Posted by: Sleans Glomolet4123   2005-05-31 07:20  

#6  If the government refuses to act some private citizens who are actually concerned with the public good and the Republic will take matters in hand and send a message these reporters will understand.

Greed, stupidity and perfidy. The new motto of the NYT.
Posted by: Sock Puppet 0’ Doom   2005-05-31 03:51  

#5  Where is the utility in printing this other than to disrupt CIA operations and try to givve the Bush administration a black eye?

This article was simply the NYT axe-grinding against renditions, to try to do more damage to the Bush administration, no matter what the cost is to the nation.

Bastards.

As for the alleged operations: They will relocate, regenerate and reconstitute. All on the taxpayers dime - and all at a large loss of efficiency and functionality until they recover from the expose.

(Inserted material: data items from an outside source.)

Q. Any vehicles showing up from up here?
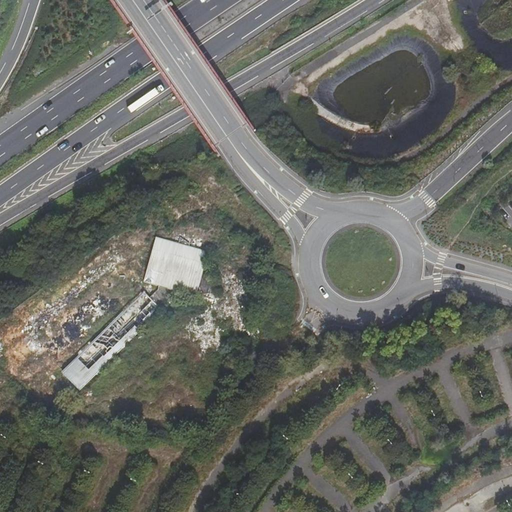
Yes
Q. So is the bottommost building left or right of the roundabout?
to the left of it
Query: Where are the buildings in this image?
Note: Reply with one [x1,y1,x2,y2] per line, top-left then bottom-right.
[61,292,156,390]
[143,236,202,290]
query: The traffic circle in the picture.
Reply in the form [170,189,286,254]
[300,202,422,322]
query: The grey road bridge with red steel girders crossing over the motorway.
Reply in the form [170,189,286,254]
[109,0,256,154]
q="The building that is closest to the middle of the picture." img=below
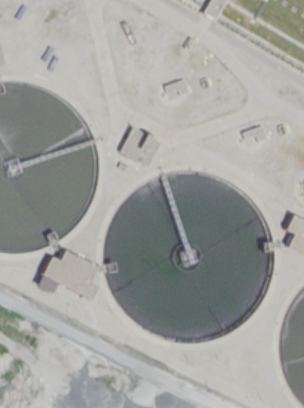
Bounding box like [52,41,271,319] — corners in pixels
[118,126,161,165]
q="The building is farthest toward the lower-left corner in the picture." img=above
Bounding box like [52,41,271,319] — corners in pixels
[37,249,100,300]
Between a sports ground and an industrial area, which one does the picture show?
industrial area
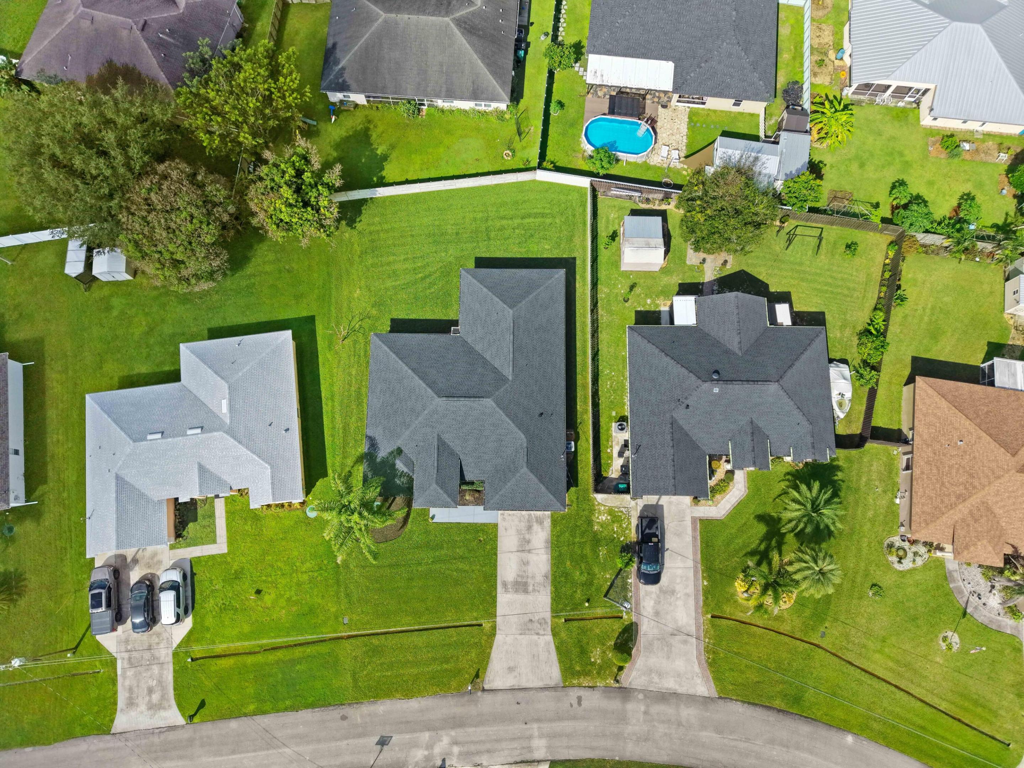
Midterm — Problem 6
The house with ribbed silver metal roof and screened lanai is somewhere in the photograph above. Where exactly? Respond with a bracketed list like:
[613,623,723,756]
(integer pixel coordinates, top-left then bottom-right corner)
[845,0,1024,139]
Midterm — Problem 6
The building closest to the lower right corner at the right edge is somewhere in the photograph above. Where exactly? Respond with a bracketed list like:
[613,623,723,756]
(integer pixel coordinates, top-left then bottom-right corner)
[900,357,1024,568]
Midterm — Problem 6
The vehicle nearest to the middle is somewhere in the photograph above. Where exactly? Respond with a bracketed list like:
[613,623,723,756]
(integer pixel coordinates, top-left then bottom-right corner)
[635,516,664,584]
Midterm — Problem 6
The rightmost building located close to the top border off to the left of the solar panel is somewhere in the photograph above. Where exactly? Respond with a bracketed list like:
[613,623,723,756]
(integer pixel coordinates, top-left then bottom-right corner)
[319,0,518,111]
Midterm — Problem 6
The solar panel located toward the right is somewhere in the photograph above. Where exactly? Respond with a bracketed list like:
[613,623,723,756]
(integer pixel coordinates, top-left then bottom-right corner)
[608,96,640,118]
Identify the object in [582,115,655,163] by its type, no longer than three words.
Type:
swimming pool
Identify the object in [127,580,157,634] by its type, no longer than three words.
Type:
car
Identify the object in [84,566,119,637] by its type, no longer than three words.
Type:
truck
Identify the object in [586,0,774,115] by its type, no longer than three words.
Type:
house
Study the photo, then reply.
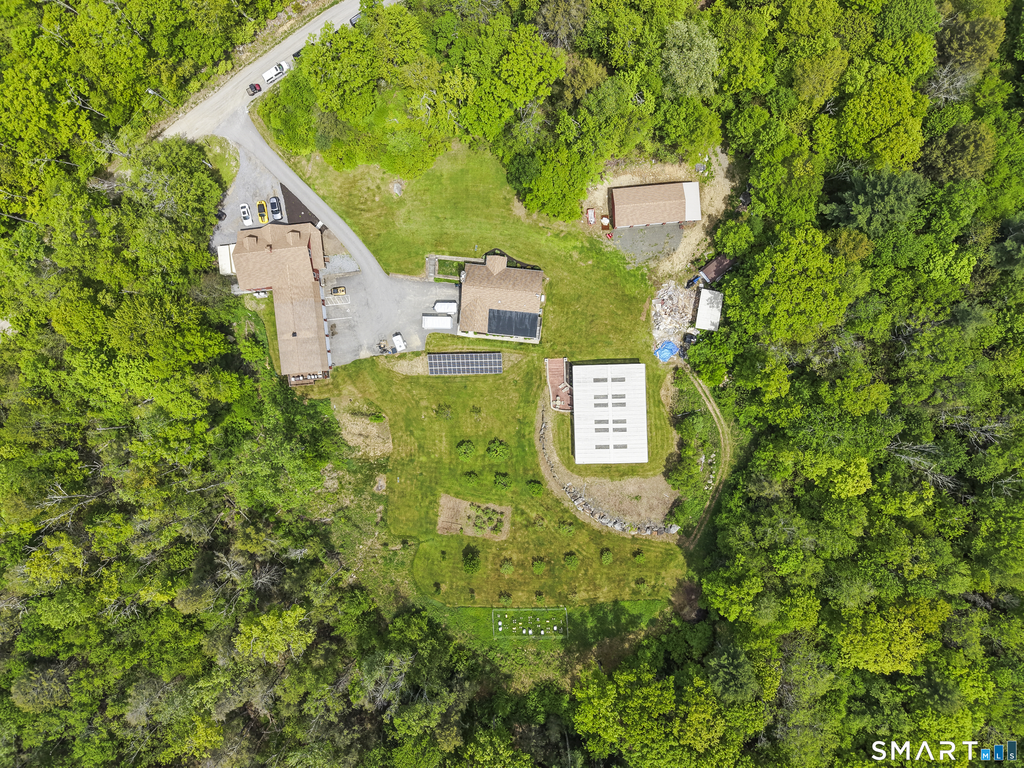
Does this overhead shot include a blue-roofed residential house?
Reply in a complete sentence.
No, there appears to be no blue-roofed residential house in this shot.
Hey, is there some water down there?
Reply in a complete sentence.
No, the picture contains no water.
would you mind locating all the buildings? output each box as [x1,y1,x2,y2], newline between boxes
[232,223,330,386]
[612,182,701,229]
[459,255,543,339]
[567,364,649,464]
[699,253,734,284]
[693,289,723,331]
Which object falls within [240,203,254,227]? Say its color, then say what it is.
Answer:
white car
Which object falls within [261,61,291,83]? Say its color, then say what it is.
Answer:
white truck
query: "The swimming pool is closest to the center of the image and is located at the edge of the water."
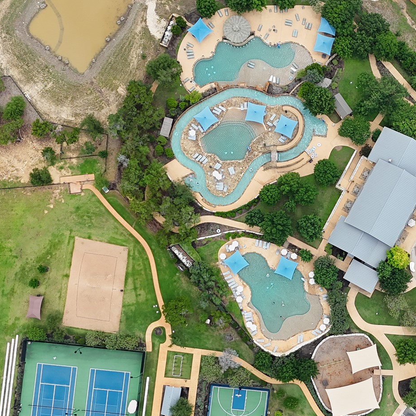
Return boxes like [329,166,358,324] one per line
[199,106,268,162]
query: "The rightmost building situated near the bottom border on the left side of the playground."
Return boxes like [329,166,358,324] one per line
[161,385,183,416]
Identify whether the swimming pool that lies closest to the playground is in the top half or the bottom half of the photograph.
bottom
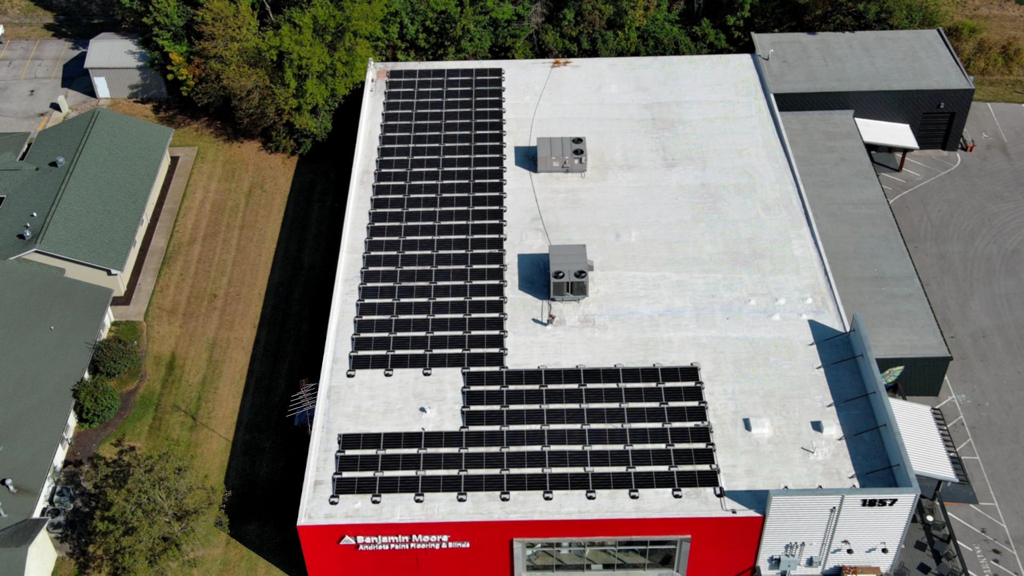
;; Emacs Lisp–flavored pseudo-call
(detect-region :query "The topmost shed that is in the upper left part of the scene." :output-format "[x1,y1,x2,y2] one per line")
[83,31,178,98]
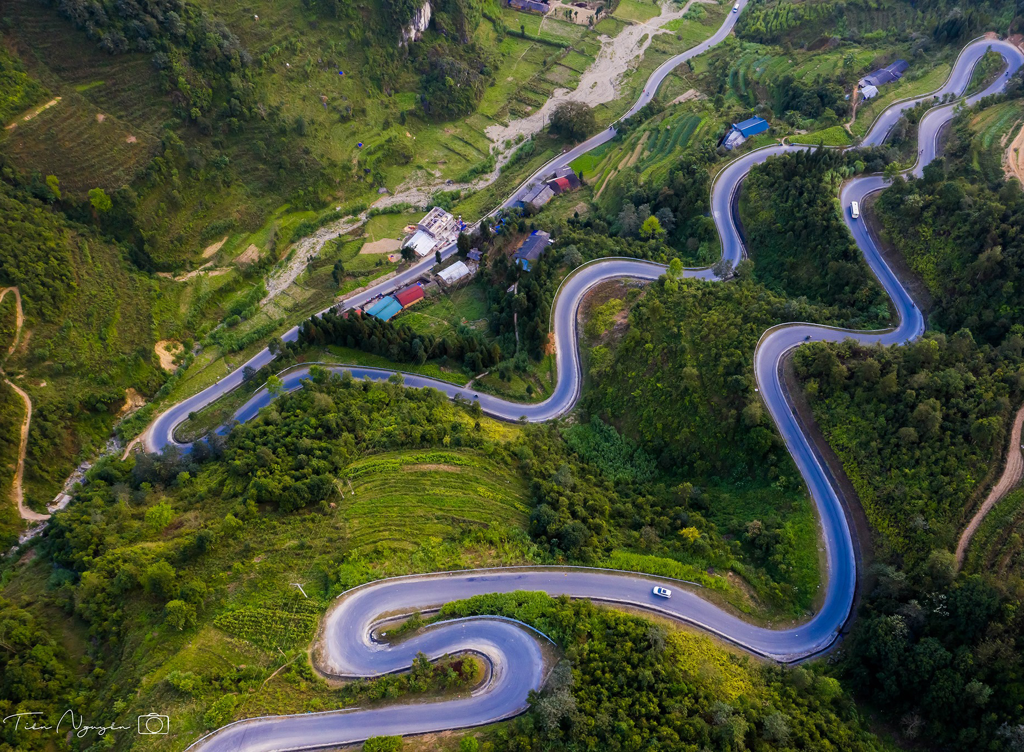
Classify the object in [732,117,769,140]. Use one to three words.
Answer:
house
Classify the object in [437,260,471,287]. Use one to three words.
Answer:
barn
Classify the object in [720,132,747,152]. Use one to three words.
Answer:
shed
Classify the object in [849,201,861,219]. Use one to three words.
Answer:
vehicle
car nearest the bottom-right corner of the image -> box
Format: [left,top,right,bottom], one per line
[652,587,673,599]
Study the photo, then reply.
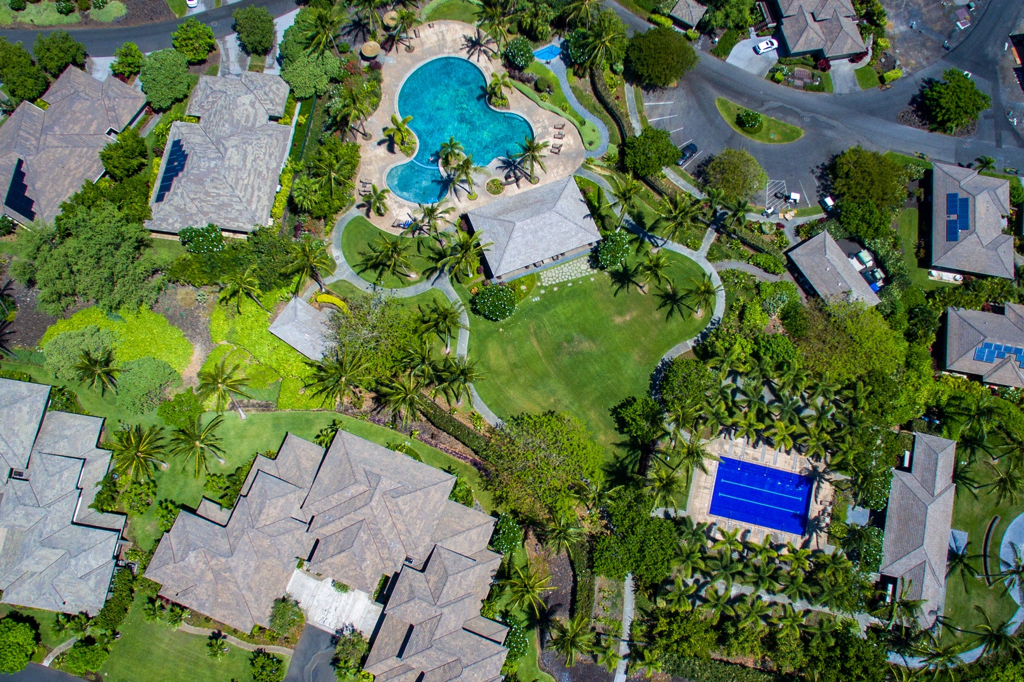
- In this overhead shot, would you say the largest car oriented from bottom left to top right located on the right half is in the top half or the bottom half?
top
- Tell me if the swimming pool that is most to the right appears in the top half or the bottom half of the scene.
bottom
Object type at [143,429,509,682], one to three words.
house
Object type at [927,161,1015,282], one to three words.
house
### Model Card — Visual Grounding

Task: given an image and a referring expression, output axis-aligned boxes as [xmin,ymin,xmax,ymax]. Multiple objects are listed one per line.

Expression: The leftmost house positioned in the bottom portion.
[0,377,129,618]
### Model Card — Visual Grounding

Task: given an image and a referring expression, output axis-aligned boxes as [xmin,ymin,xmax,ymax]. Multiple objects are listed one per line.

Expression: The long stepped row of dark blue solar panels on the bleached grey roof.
[155,140,191,202]
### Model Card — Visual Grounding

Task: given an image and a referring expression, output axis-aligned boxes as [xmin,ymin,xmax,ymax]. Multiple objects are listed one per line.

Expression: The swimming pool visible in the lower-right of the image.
[707,454,816,539]
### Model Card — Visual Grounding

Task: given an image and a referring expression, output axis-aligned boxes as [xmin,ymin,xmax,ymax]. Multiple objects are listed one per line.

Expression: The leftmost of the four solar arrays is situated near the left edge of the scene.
[4,158,36,221]
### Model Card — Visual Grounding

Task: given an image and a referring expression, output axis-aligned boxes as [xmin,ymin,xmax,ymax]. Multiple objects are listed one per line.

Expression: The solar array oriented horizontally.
[974,342,1024,368]
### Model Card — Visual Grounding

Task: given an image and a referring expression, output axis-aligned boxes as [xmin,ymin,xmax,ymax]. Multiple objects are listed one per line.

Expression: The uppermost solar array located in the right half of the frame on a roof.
[947,193,970,241]
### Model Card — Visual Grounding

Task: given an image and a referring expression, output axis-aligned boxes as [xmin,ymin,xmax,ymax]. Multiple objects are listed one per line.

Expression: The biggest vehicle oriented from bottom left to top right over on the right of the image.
[678,142,698,164]
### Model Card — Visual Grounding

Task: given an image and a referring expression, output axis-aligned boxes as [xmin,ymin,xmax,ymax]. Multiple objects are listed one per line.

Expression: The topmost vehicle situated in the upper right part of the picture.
[754,37,780,51]
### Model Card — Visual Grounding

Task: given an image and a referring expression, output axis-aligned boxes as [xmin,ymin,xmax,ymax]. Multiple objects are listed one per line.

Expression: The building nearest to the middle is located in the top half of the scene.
[466,175,603,284]
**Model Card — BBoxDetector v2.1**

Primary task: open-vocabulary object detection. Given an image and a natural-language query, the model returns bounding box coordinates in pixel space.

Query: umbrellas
[383,12,397,28]
[362,42,380,57]
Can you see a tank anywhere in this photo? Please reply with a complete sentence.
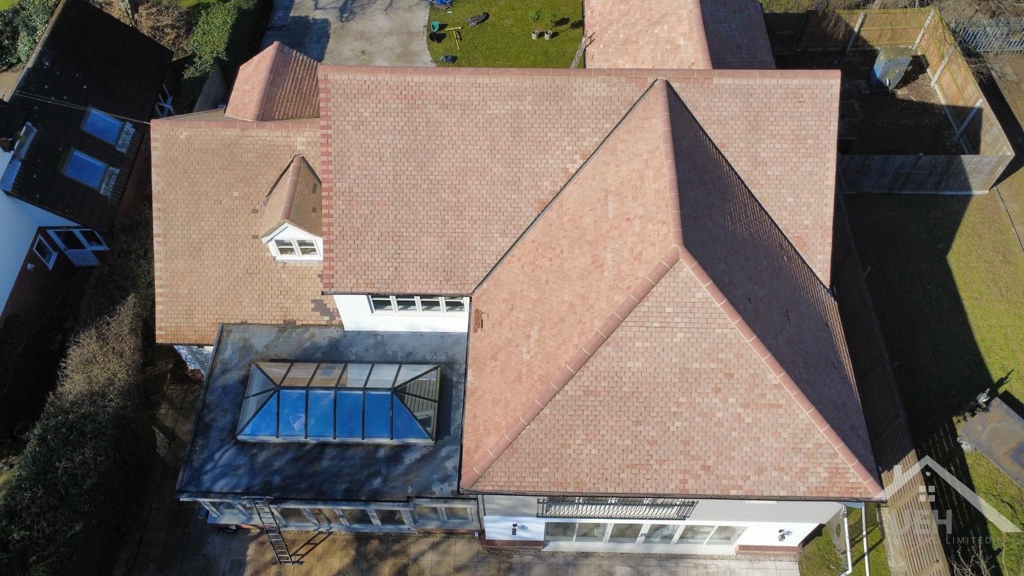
Yes, you can see a tank in this photo.
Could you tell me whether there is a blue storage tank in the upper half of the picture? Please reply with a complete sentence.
No, I see no blue storage tank in the upper half of the picture.
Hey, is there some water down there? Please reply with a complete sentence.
No, there's no water in this view.
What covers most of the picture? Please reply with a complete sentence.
The largest share of the image is taken up by buildings.
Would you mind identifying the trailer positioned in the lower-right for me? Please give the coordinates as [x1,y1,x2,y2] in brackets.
[952,387,1024,493]
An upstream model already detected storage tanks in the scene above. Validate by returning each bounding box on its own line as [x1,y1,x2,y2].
[865,35,914,91]
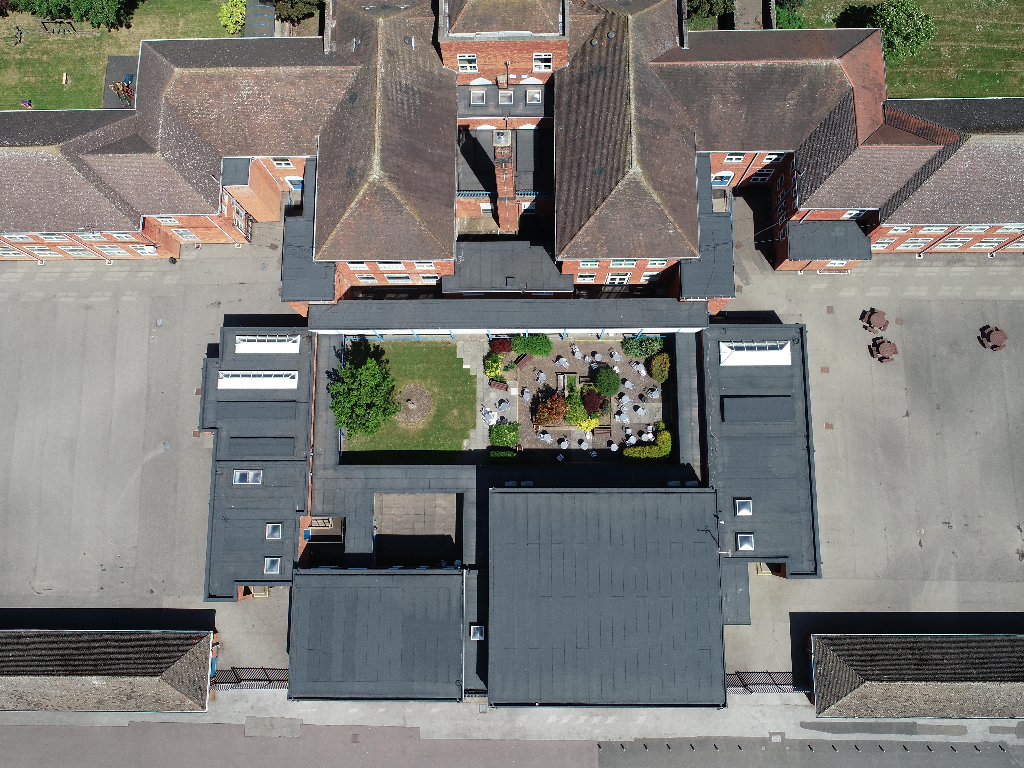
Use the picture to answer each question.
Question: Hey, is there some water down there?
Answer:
No
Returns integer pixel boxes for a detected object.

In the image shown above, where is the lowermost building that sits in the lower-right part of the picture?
[803,632,1024,720]
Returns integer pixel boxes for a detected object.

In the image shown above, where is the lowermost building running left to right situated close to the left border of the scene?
[0,629,223,715]
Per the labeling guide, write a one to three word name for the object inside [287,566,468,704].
building

Thank you NYT for screwing the intel community and the taxpayer.

This is right up there with warning Osama we could listen to his sat phone coversations. I guess the big liberal papers never let discretion and the safety of nation get in the way of a splashy headline, their anti-military bias, and political axe-grinding.

NYT editors should be hung, and the reporters jailed, for treason.
Posted by: OldSpook   2005-05-31 02:35  

#4  Seriously, how is this not treason?
Posted by: someone   2005-05-31 02:26  

#3  Cool, will they float if you accidently drop them off in the ocean?
Posted by: Captain America   2005-05-31 02:13  

#2  A few 22 shorts at close range to the head will put and end to this kind of treason. Why is it in the "public interest" that this is printed? To cause us to lose the war on terror is the only reason I can think of.
Posted by: Sock Puppet 0’ Doom   2005-05-31 01:58  

#1  "This article was reported by Scott Shane, Stephen Grey and Margot Williams and written by Mr. Shane" ...... all of whom are now candidates for "near death" experiences, or worse.

Hey, live by the pen (sword) die by the (pen) sword.